Pour ton problème, va dans "Préférences système", tu clique sur "Moniteurs", et tu choisit la bonne résolution.  Tu dois calibrer avec celle de ton écran, choisit la résolution maximale possible avec ton 46".

Sinon tu peux peut-etre changer de résolution directement sur ton écran mais je suppose que c'est plus compliqué


----------



## rockindé (20 Mai 2006)

Pas de problème avec mon petit 23", le Mini l' a bien reconnu d' ailleur le type de mon Lcd LG hd (dvi/dvi) est reconnu dans préférences sytème, moniteur...L2323T et dans à propos de ce Mac.


----------



## Fanoo (20 Mai 2006)

j'ai tout essayé, les differentes resolutions aussi : rien n'y fait, l'image est complete (il ne manque rien sur l'écran), mais l'image n'occupe pas tout l'écran. j'ai toujours une sorte de cadre noir de 5-10% de chaque coté. Un peu rageant, vu le prix des grands écrans... j'aimerais bien avoir l'image qui occupe TOUT mon écran (même simplement pour avoir des pixels plus grands, donc mieux visibles du fond de mon canapé...)

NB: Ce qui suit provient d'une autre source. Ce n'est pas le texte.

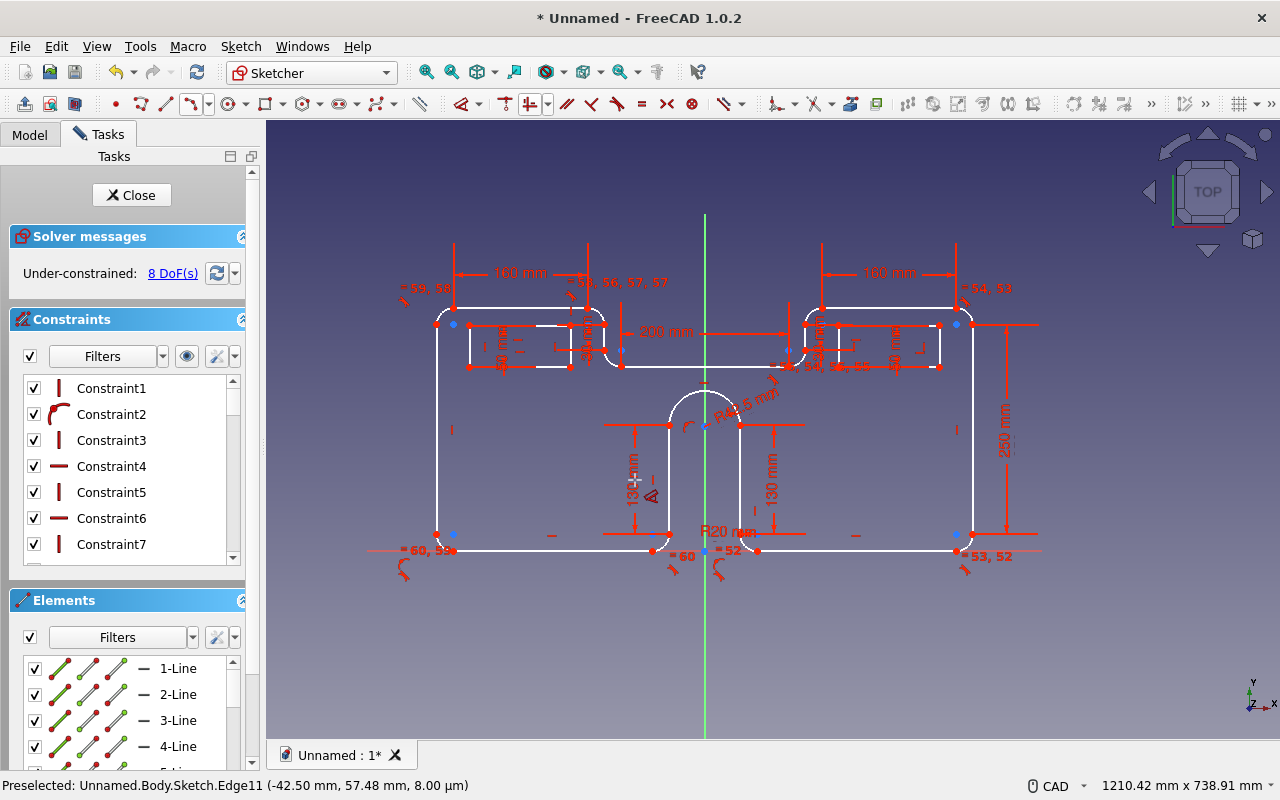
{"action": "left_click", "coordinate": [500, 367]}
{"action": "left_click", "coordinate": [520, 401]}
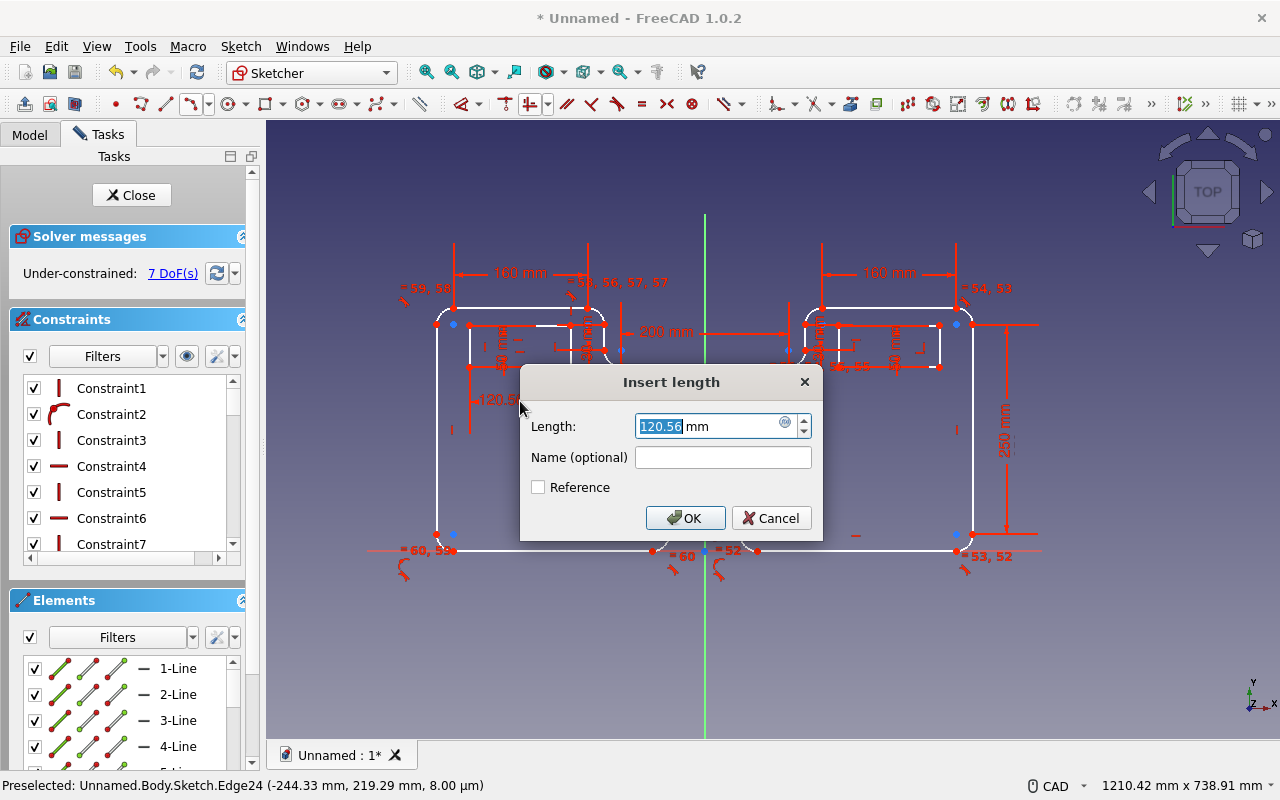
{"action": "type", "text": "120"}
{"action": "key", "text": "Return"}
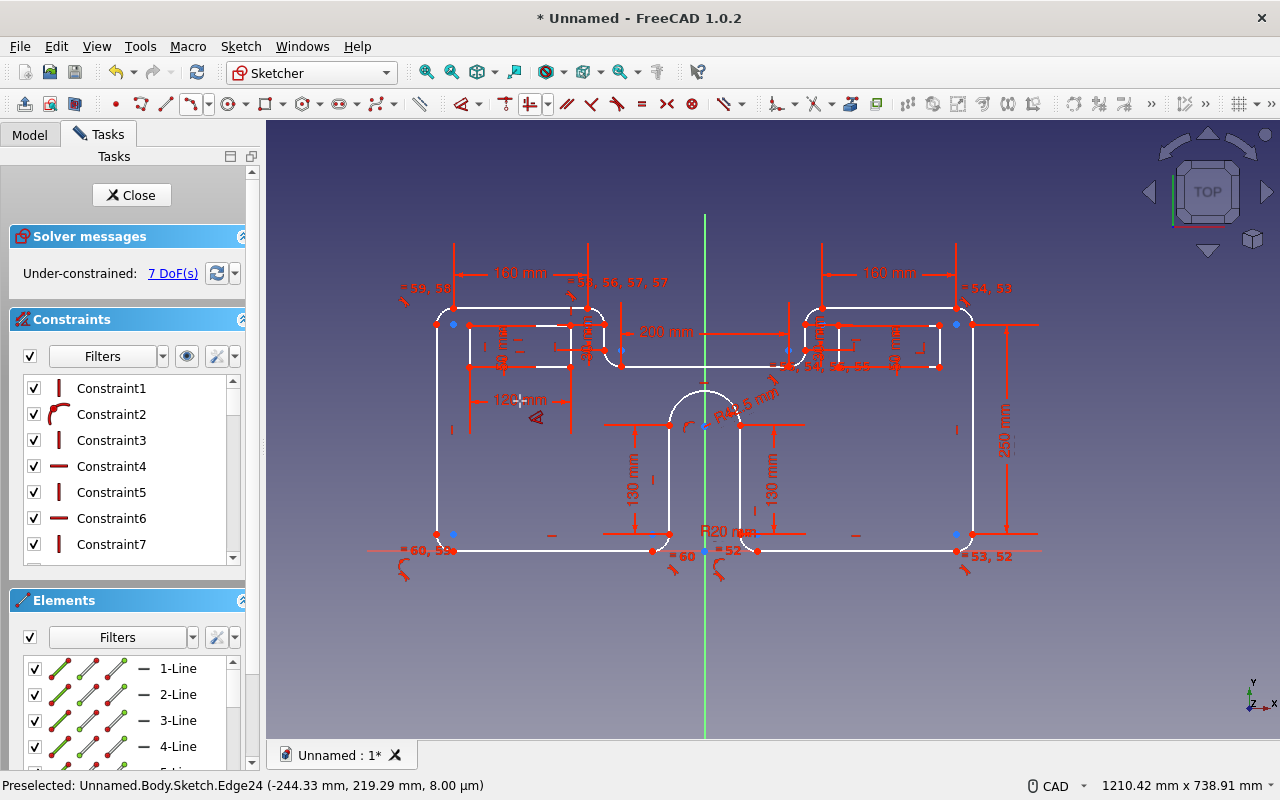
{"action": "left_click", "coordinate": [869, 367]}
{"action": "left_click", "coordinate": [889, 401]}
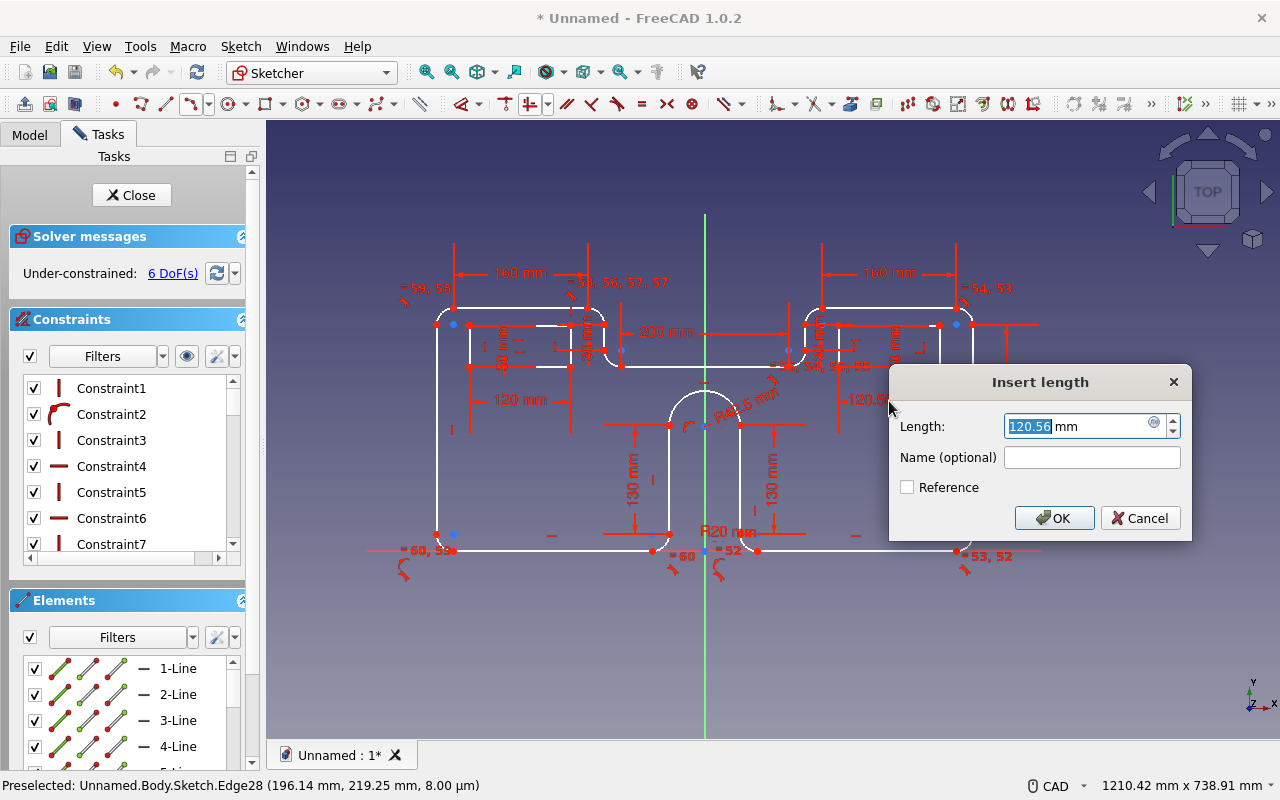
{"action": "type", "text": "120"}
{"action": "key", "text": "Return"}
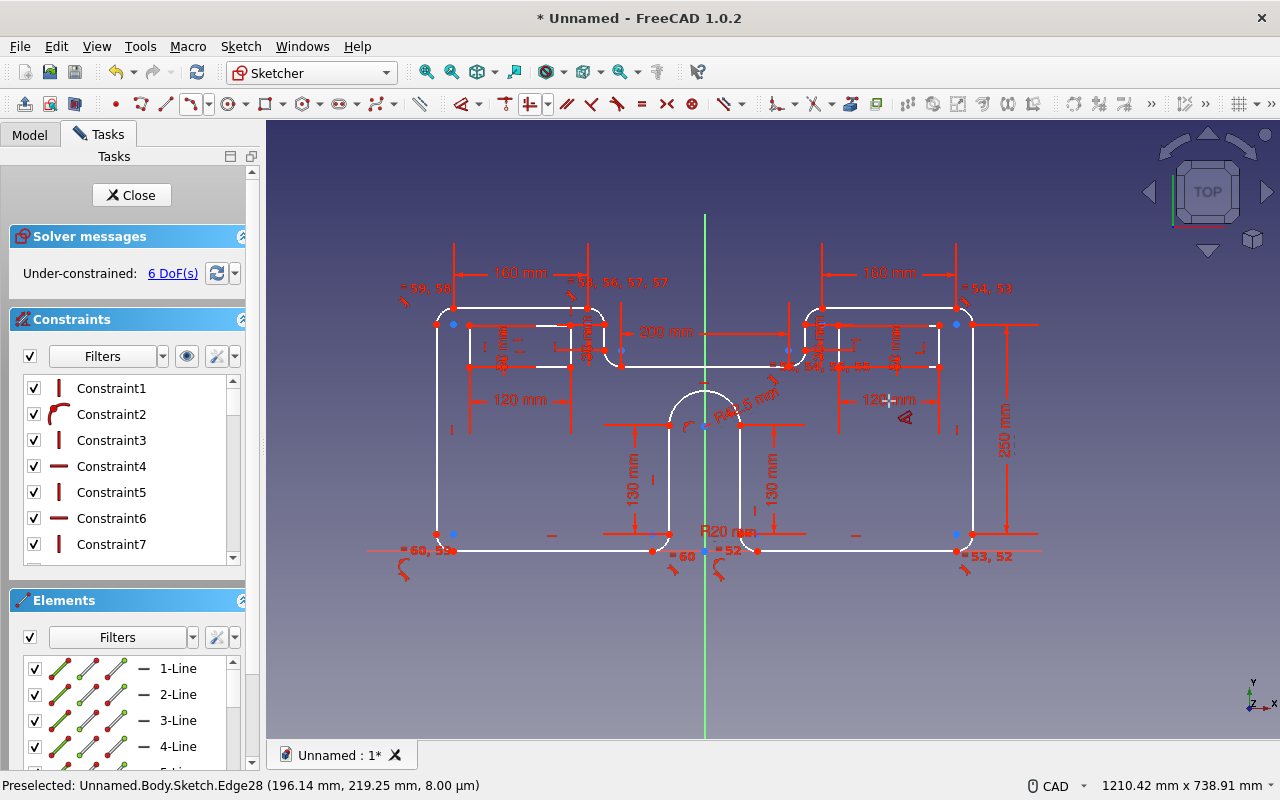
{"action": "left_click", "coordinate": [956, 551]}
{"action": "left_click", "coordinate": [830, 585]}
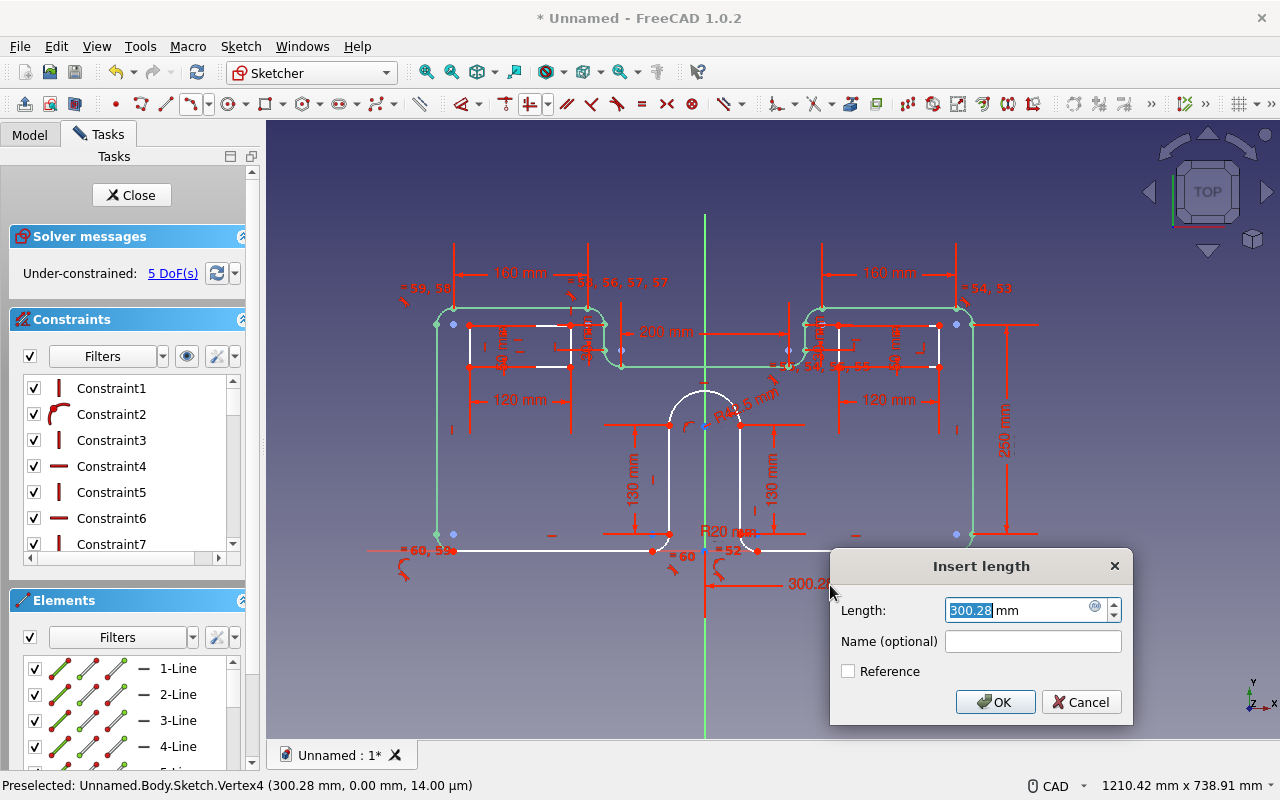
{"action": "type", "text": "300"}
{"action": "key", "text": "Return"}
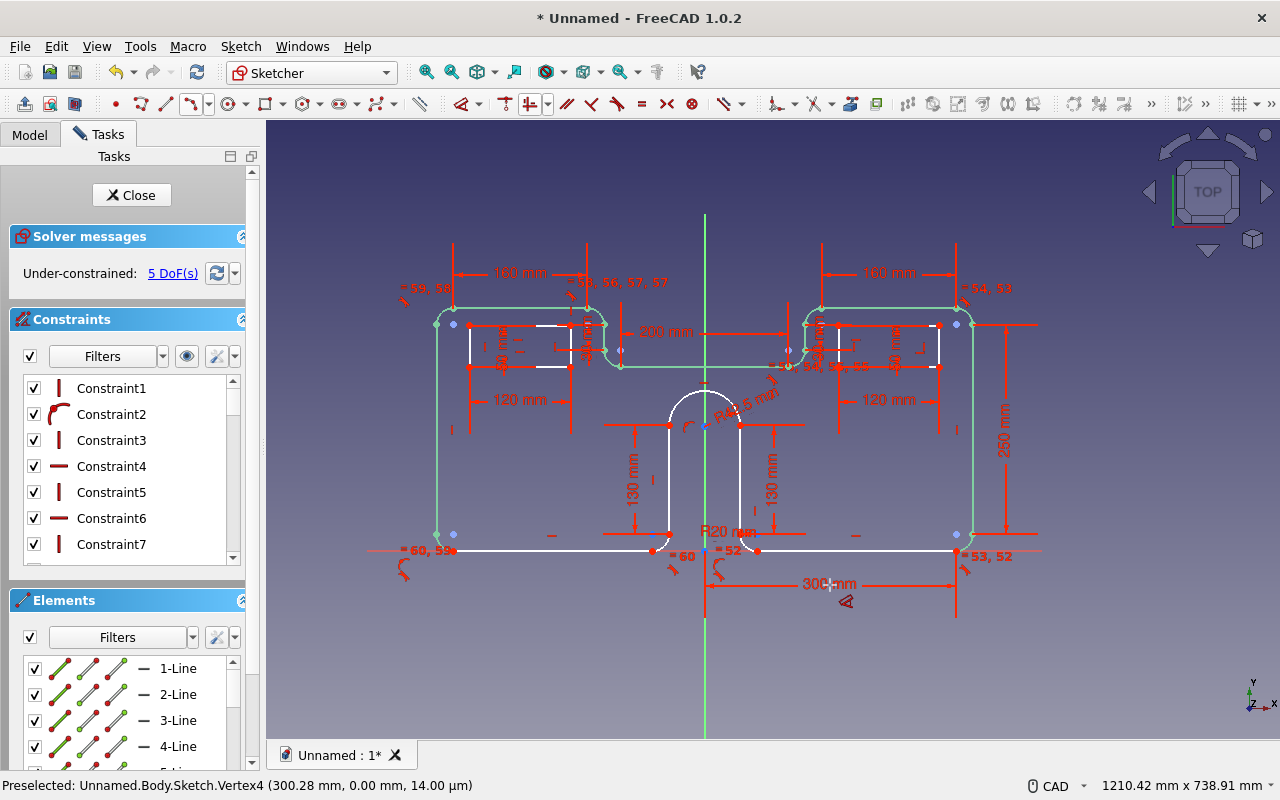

pour info : quand le mac-mini démarre, l'image grise avec le logo Apple en bas occupe bien tout l'écran, c'est seulement avec l'écran bleu et le Finder et toutes les autres applis que la taille se réduit. j'en déduis que c'est un probleme logiciel (firmware ?) Apple...

je voudrais surtout savoir si les autres propriétaires de mac-mini-inter qui ont branché un grand écran LCD-TV ont le même probleme...


----------



## DarKOrange (20 Mai 2006)

Essaie avec SwitchresX


----------



## Anonyme (20 Mai 2006)

Si ton écran est HDready comme tu l'indique cela veut dire qu'il est nativement en 1280x720 et si en te mettant à cette résolution tu as toujours ton "anomalie"... essaye SwitchresX comme le disait DarKOrange

Regarde  ici également


----------



## Fanoo (22 Mai 2006)

j'ai essayé avec SwitchResX : effectivement ca change la resolution, mais alors elle n'est plus prise en charge par mon écran et ... c'est une galère à remettre parce que justement, tu n'as plus d'écran...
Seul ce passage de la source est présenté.